# low wax board on rails?



## gprider_capita (Feb 17, 2011)

it's the wax


----------



## lonerider (Apr 10, 2009)

zealandblack said:


> I with a waxed up board for the last few years? Or is this all in my head, and something about my technique has unconsciously changed to make my rail riding smoother?


It's because you didn't scrape the excess wax off your base. The wax only fills the pore of the base and you shouldn't be able to see it on the base (except for the lack of a dry white look to your base). A proper tune involves scraping the wax a lot (as much as you possible can with a *plastic* scraper), then polishing with a brillo pad, and finally brushing with a brass brush... but usually most people only scrape a little.


----------



## zealandblack (Sep 26, 2011)

I dunno if that's it. When I wax I scrape my wax thoroughly (scraper, brilo pad, steel brush), and I know what a board feels like with a poor scrape job, especially on rails. I've tried out friends' boards that have literally stopped halfway down a rail sending flying. I guess I shouldn't have said it was "sticky" before in my original post, but just like a liiiiittle bit of resistance, vs yesterday where it felt darn right greasy. 
Or maybe I have just been doing a kind of shitty job of scrapping lately and just didn't realize it. I'll try paying closer attention next time I scrape, and try to be especially thorough when brushing it and brillo padding it. 
Regardless, I'll probably try experimenting with it this week by riding a day like this, then waxing (thorough scraping) and then heading out the following day to see how much of a difference I feel. I was just kind of wondering if simply not waxing is something that people actually do for rail riding.


----------



## zealandblack (Sep 26, 2011)

You know the more I think about it, you're probably right.

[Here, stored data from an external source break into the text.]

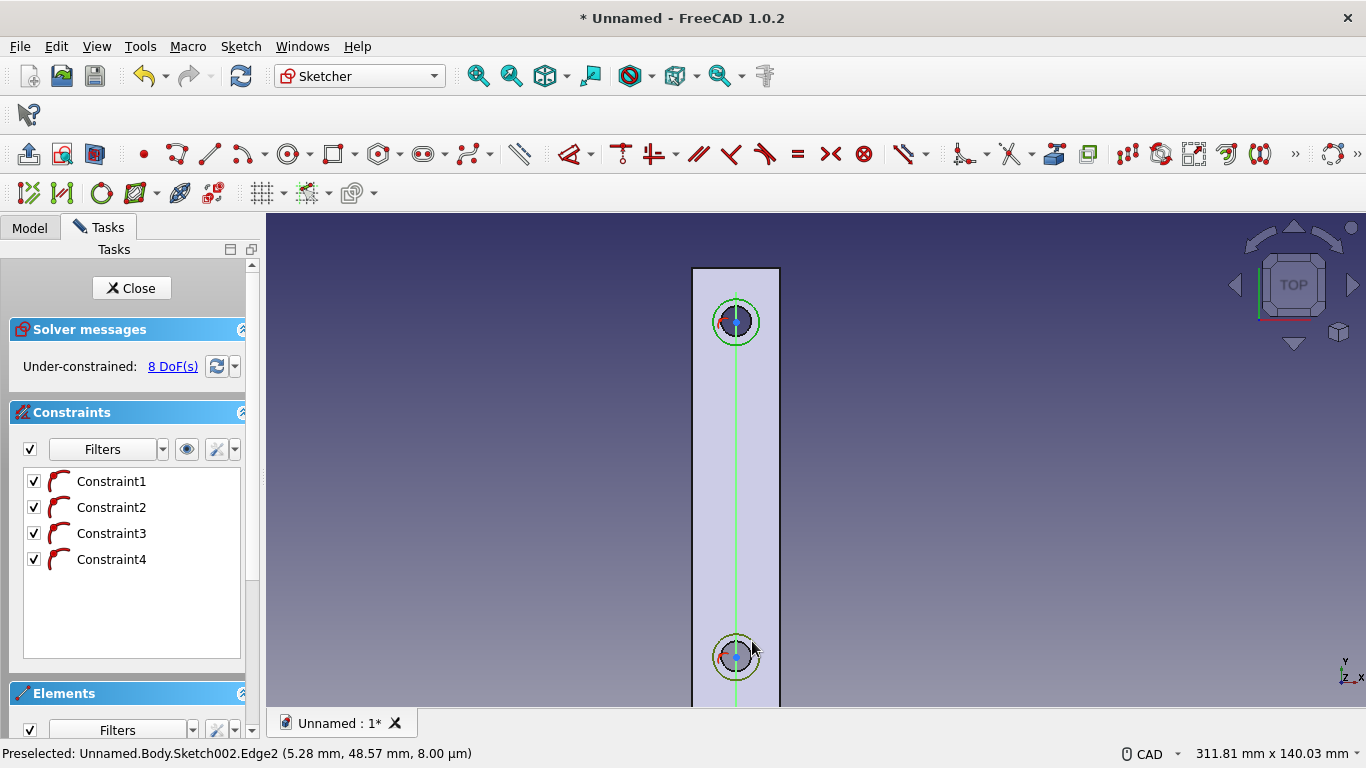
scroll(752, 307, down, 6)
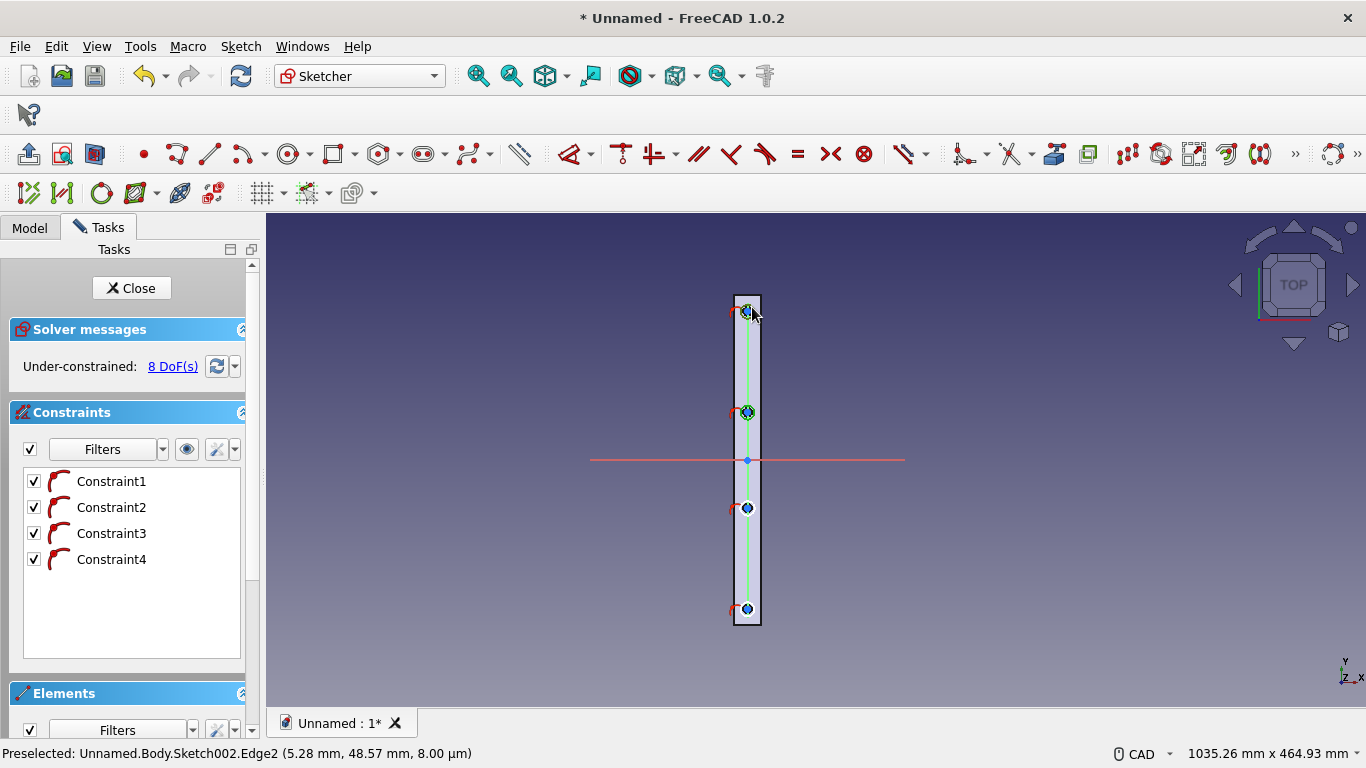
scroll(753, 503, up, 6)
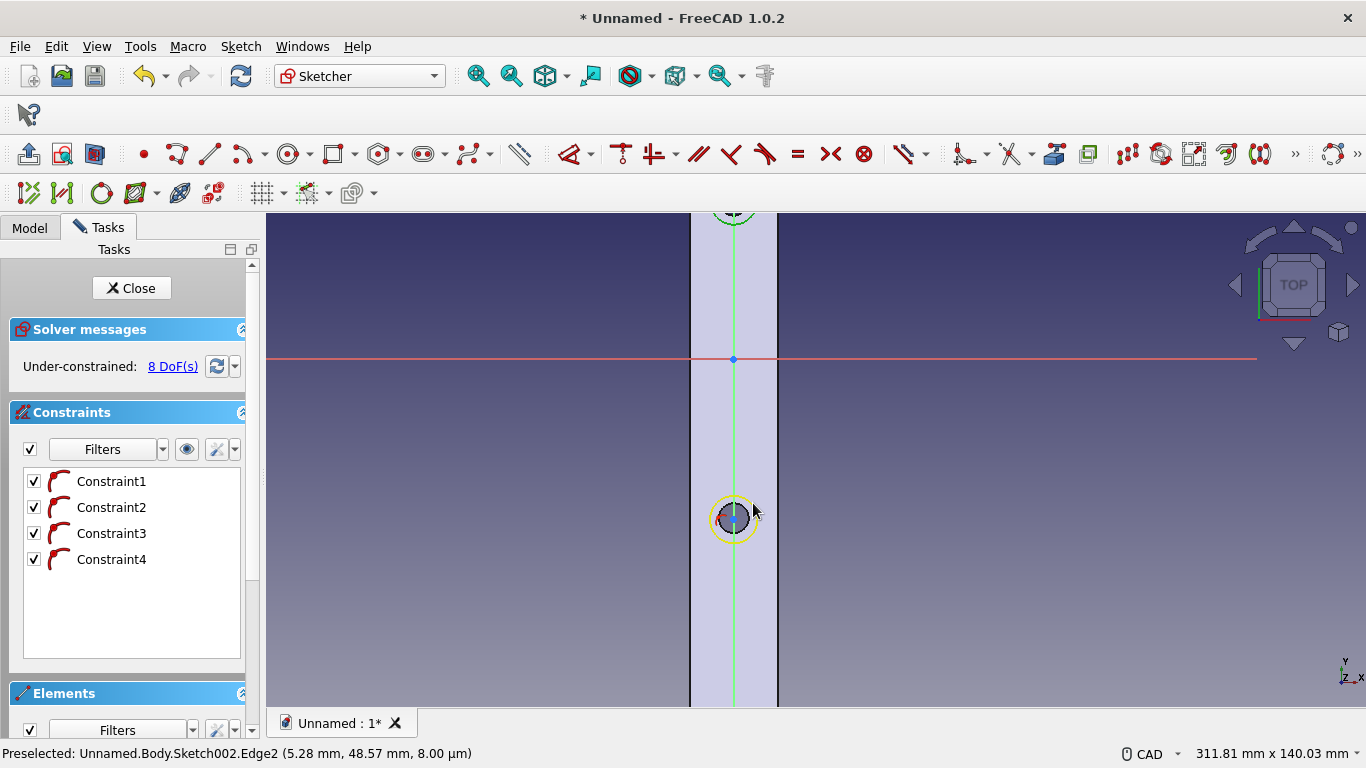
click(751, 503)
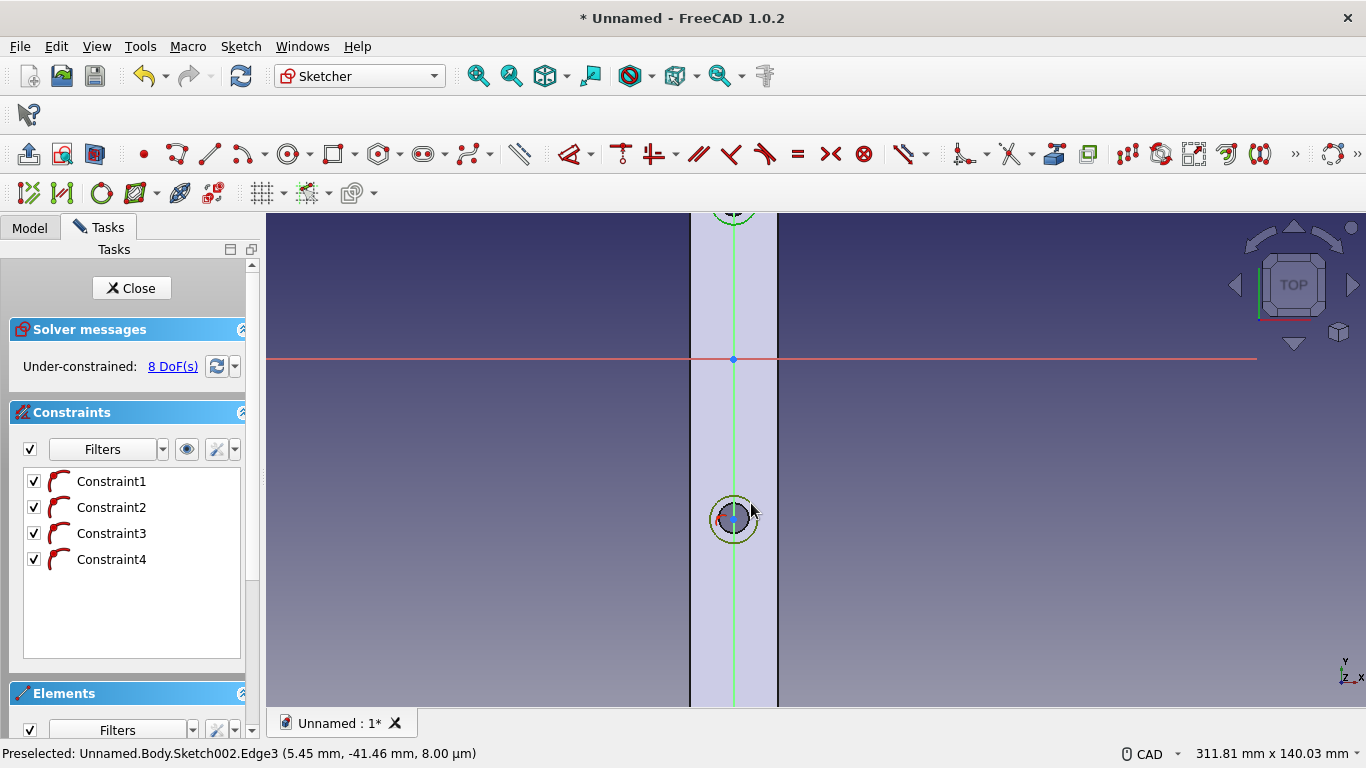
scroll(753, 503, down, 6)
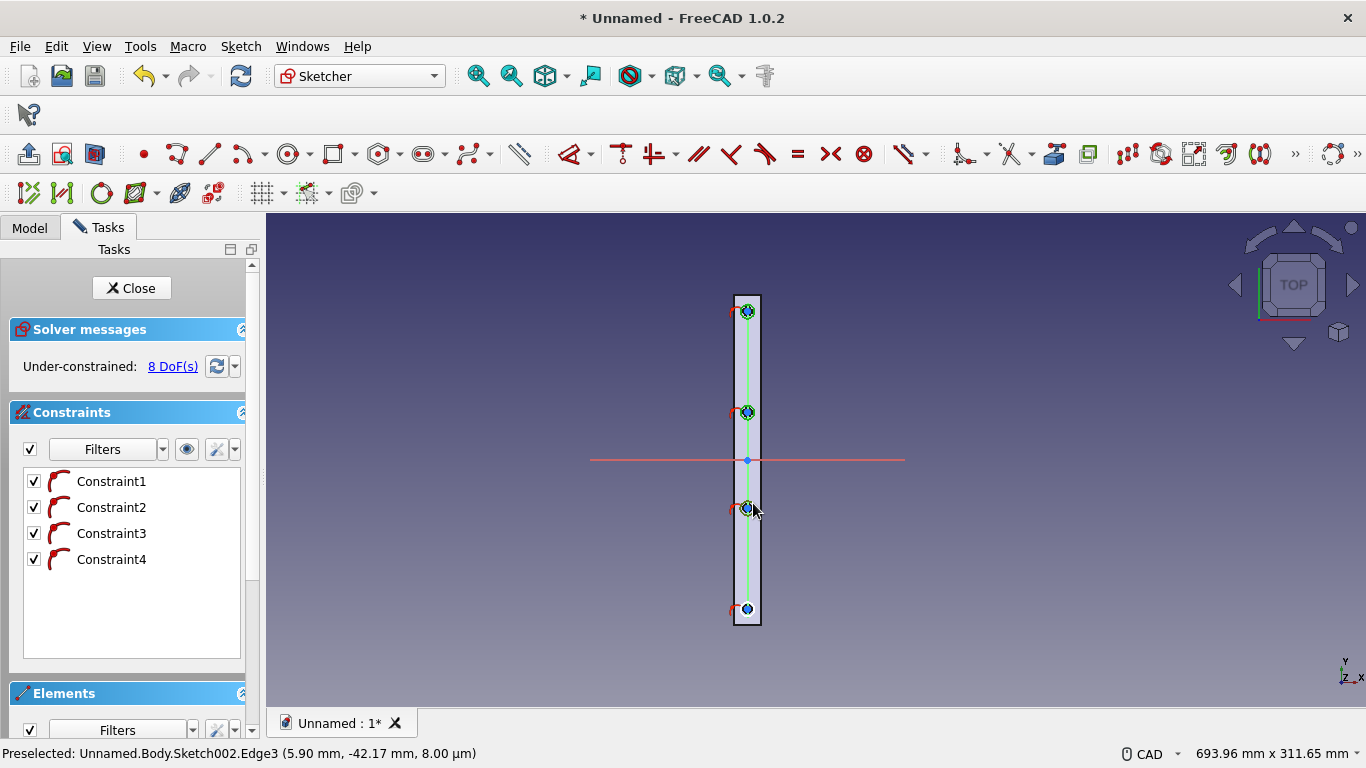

I brush and brillo pad my board, but I'm probably half-assing it and the wax I use doesn't really show up against my base in most sections so there could be little bits that i'm leaving behind. And what I'm left with is an adequate (still slides as opposed to a bad scrape which really doesn't slide) but not great (slides with minor resistance) wax job. Sorry for the extra posts, I'm pretty much just thinking out loud at this point.


----------



## thefeef (Sep 19, 2021)

if my board has no wax on it at all if it safe for the board to play around on a jib rail in my backyard?


----------